Ask HN: Do you read all the other comments before adding yours? - jimsojim
When adding comments to an HN post do you go over all the posted comments to make sure you&#x27;re not repeating anyone else, and that you&#x27;re actually contributing something to the discussion. I find myself doing this all the time, and I end up not adding anything at all because it feels redundant.
======
jonny_storm
That's called "lurking," and I consider it the correct default position in
discussions of any sort--especially threaded ones. But you needn't lurk
forever, and if you have something to add that isn't redundant or vacuous or--
if you're particularly discerning--vapid, then you should feel welcome to
comment.

If you think of something clever, and someone else beats you to the punch, you
should feel vindicated that a total stranger thought your idea was clever too.

Beyond that, move on. Allow your clever surrogate's comment room to breathe,
and if further discussion inspires some new idea in you, you can begin anew.

------
brudgers
Hell no. I just start typing. It turns out I usually have no idea what I'm
going to wind up writing until I write it. I subscribe to the 'writing is
thinking' theory and this comment reflects that after the first short
sentence.

That said, it doesn't mean that I don't edit my comments. Often I edit them
out of existence (aka 'delete') and sometimes that's after reading other
comments.

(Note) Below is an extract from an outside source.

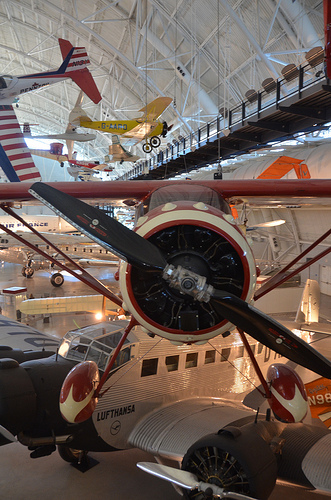<image>
Can you confirm if the airplane is behind the airplane? No. The airplane is not behind the airplane. From this viewpoint, the airplane appears to be positioned elsewhere in the scene.

Most of the time it is after reading my own comments (and often
while they are in progress).

I guess I also subscribe to the theory that what hasn't been written cannot be
edited...and the theory that 'writing in in my head' isn't writing. I guess I
have a lot of theories.

Anyway, the muse comes and goes and when the muse is present, is when to
write. That's another theory but only if theories can depend on the existences
of muses.

Good luck.

------
veddox
Usually. And like you say, I often find that what I was going to say has been
said (at least once) before; or I realize that the comment that first sprung
to my mind isn't really necessary at all. Either way, I save myself some
typing and some other people some reading ;-)

Although having said that, if it's a long discussion I won't read every
comment, just the ones on those subthreads that interest me especially.

------
stevekemp
Mostly.

But sometimes mid-scroll there is a comment which seems like it deserves a
reply I might post one immediately - usually in a new-tab so I don't lose
track of what I've read.

------
GFischer
Depends on the number of comments. Sometimes I write something and I find the
same idea further down the page. I usually edit my comment and point to the
other one.

------
gt2
Yes, with one exception -- I will stop to reply along the way.